In the Smith BIRDS Lab, we have broad interests such as sustainable food systems, coupled human-natural systems, conservation, pathogen transmission, basic ornithology, public outreach and extension, and how to reduce the inequities that underlie these systems. Our ultimate goal is to Build Increased Resilience through Diverse Systems. We take multifaceted approaches to tackle our broader questions. For example, we conduct intensive fieldwork, molecular lab work, farmer questionnaire surveys, and meta-analyses. We conduct research at local, regional, and global scales and seek to find practical solutions that inform local land management and global policy.
Working landscapes must be multifunctional, simultaneously supporting people, biodiversity, and the environment. Biodiversity provides important ecosystem services that can help improve crop yields and farmer wellbeing. Therefore, identifying how to manage agricultural systems to promote ecosystem services is one strategy to co-manage these systems for people and nature. In addition to our work on birds, we also collaborate extensively to examine how to manage agricultural systems to promote other biodiversity that can provide important ecosystem services, such as arthropod pollinators and pest control agents. We are especially interested in identifying what farming systems and landscape management approaches can yield the greatest multifunctional benefits. Our work informs agricultural policy such as that set forth by the EU, WHO, IUCN, and FAO.

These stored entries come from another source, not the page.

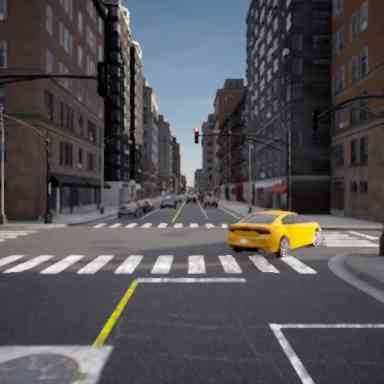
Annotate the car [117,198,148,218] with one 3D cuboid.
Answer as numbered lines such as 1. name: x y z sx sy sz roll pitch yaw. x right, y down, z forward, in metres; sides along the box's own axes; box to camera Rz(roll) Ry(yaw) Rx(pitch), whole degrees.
1. car: -5.456 1.494 29.576 2.008 1.369 4.403 0 0 0

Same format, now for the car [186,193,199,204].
1. car: -0.088 1.379 59.717 1.837 1.490 4.892 0 0 0

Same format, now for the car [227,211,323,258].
1. car: 3.352 1.473 12.918 1.882 1.535 5.008 -1 -1 41

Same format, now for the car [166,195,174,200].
1. car: -5.584 1.404 84.114 1.802 1.307 4.206 0 0 0

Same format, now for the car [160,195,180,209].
1. car: -2.939 1.480 42.348 1.994 1.385 4.181 0 0 0

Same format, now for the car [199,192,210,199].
1. car: 2.825 1.087 66.665 2.150 2.045 5.566 0 0 0

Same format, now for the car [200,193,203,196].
1. car: 2.881 1.380 59.636 1.837 1.490 4.892 0 0 0

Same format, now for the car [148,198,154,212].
1. car: -5.469 1.477 35.030 1.887 1.381 4.507 0 0 0

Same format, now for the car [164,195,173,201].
1. car: -5.571 1.358 78.490 1.752 1.417 4.829 0 0 0

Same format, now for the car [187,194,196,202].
1. car: -0.162 1.291 69.204 1.882 1.535 5.008 0 0 0

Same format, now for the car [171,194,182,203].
1. car: -2.904 1.432 63.810 1.994 1.385 4.181 0 0 0

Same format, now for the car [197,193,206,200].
1. car: 2.439 1.137 84.129 2.192 1.841 5.009 0 0 0

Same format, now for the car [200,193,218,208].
1. car: 2.531 1.348 45.949 1.967 1.590 4.097 0 0 0
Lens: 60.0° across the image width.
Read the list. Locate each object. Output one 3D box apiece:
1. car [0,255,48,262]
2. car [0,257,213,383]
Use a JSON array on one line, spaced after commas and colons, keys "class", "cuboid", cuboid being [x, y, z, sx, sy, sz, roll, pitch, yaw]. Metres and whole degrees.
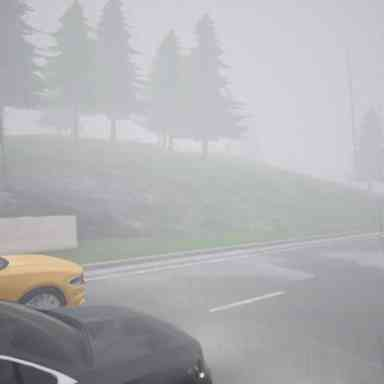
[{"class": "car", "cuboid": [-4.198, 1.466, 5.022, 5.008, 1.535, 1.882, 0, 0, -36]}, {"class": "car", "cuboid": [-2.061, 1.499, 2.246, 4.892, 1.490, 1.837, 0, 0, -36]}]

Agriculture is the single largest land use on the planet and is a leading threat to bird conservation. One means to incentivize birds’ conservation in agriculture is to bolster the services they provide to farmers such as control of insect pests. However, birds also can harm agriculture, for example, by spreading foodborne pathogens or damaging crops. We study how to co-manage agricultural landscapes to conserve birds and bolster the benefits they provide to people, while minimizing their harms.
One particular emphasis in our work has been understanding the risk that birds pose to food safety and how to mitigate risks. This is important because concerns over food safety issues have led to large-scale habitat removal. Our work has shown that food safety risks are lowest in contexts with more natural cover, rather than less. Species more common in more natural landscapes tend to come with fewer risks and rarely contaminate crops.

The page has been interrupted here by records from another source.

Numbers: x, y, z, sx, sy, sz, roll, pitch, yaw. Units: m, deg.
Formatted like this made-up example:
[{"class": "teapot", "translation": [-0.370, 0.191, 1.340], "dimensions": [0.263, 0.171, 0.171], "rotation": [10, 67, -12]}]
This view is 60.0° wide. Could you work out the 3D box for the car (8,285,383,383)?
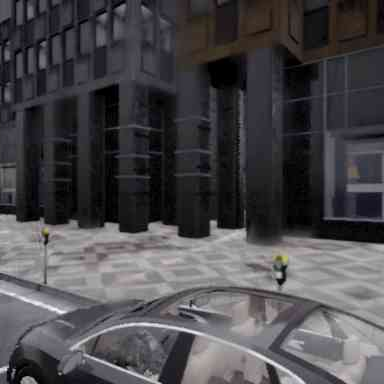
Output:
[{"class": "car", "translation": [0.104, 1.550, 2.889], "dimensions": [4.403, 1.369, 2.008], "rotation": [0, 0, 35]}]
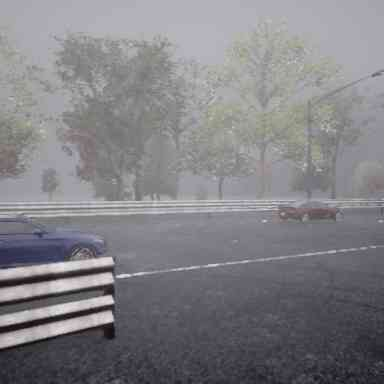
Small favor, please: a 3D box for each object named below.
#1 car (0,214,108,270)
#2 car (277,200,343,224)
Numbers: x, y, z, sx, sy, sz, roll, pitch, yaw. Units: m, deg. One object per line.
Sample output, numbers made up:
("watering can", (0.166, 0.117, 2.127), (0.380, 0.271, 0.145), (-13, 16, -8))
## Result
("car", (-4.550, 1.292, 8.465), (4.674, 1.442, 1.812), (0, 0, -28))
("car", (8.132, 1.274, 22.750), (5.008, 1.535, 1.882), (0, 0, -26))
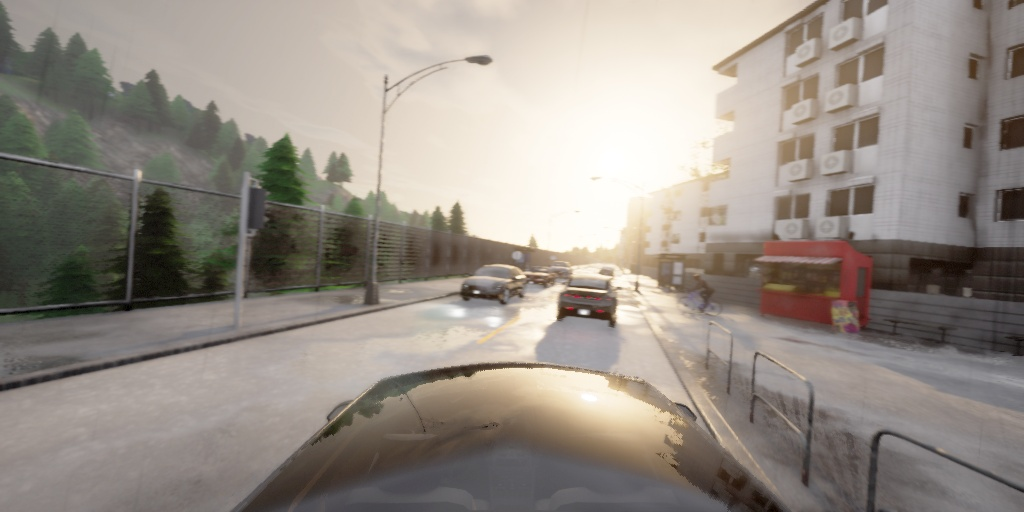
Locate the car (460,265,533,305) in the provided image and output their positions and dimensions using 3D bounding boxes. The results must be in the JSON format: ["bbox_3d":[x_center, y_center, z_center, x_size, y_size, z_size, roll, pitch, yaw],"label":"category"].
[{"bbox_3d":[-0.666,1.162,15.894,1.837,1.490,4.892,4,0,16],"label":"car"}]

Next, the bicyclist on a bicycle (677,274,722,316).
[{"bbox_3d":[7.497,1.557,14.300,1.656,1.620,0.582,5,0,16],"label":"bicyclist on a bicycle"}]

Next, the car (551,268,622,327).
[{"bbox_3d":[2.753,1.402,12.640,1.837,1.490,4.892,4,0,16],"label":"car"}]

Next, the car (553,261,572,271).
[{"bbox_3d":[4.658,1.304,34.702,2.097,1.767,4.553,4,0,16],"label":"car"}]

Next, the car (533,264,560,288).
[{"bbox_3d":[1.838,1.397,24.803,1.895,1.301,4.718,4,0,16],"label":"car"}]

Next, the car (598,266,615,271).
[{"bbox_3d":[11.531,1.909,43.783,1.812,1.442,4.674,4,0,16],"label":"car"}]
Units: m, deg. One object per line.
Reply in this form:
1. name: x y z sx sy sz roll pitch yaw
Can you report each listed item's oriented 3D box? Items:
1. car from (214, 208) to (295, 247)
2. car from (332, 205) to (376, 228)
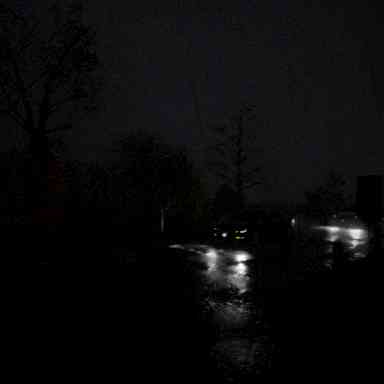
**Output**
1. car: 3.053 1.552 15.618 1.837 1.490 4.892 2 1 45
2. car: 12.019 1.710 24.410 4.674 1.442 1.812 1 1 -44
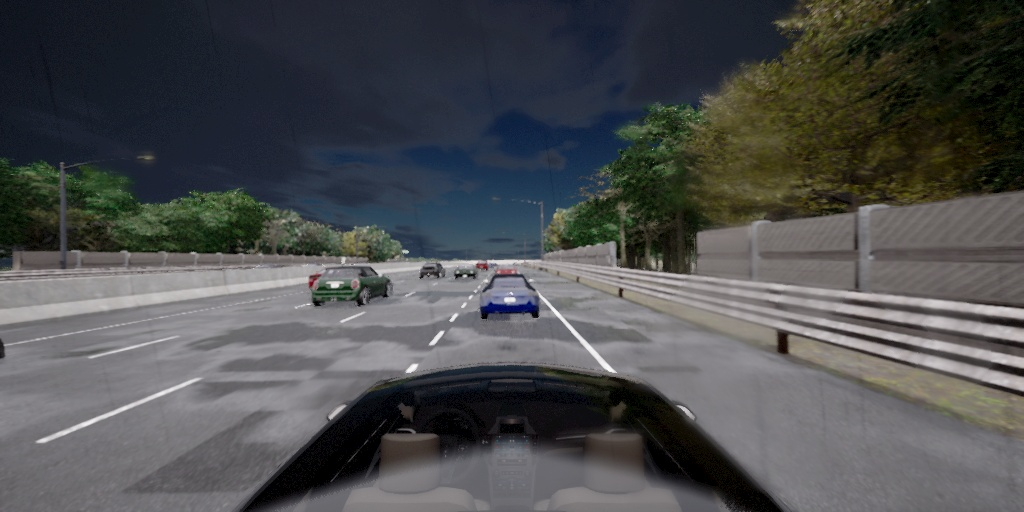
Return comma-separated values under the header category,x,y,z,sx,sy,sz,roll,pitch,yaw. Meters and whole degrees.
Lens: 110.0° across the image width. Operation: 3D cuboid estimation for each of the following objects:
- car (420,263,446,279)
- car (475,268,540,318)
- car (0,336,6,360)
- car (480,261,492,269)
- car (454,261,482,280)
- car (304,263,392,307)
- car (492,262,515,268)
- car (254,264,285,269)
category,x,y,z,sx,sy,sz,roll,pitch,yaw
car,-7.569,1.398,34.659,1.837,1.490,4.892,-1,0,-1
car,-0.107,1.335,13.183,1.994,1.385,4.181,-1,0,-1
car,-10.431,1.460,4.871,1.994,1.385,4.181,-1,0,-1
car,-4.634,1.519,56.432,1.882,1.535,5.008,-1,-1,-1
car,-4.137,1.442,33.227,1.895,1.301,4.718,-1,0,-1
car,-7.184,1.219,16.579,2.097,1.767,4.553,-1,0,-1
car,-0.507,1.391,32.157,1.895,1.301,4.718,-1,0,-1
car,-32.521,1.812,47.965,2.128,1.511,4.902,-1,-1,-1

We love birds! We are intrinsically interested in all things birds.
Our avian research typically has an applied conservation angle, but we enjoy learning about birds broadly and sharing this passion with others.
Everyone should be able to participate in science, but historical and ongoing biases prevent that from happening. We conduct research on ongoing inequities and seek solutions to ameliorate barriers. Our prior work has focused on how the landscape of journal policies differentially filters different demographics. We have shown that journal policies create impermeable landscapes that provide strong filters for people based on geography, language, and ability/disability. We plan to continue our work seeking solutions to improve publishing equity and expand into other areas where filters are created in the “academic pipeline.”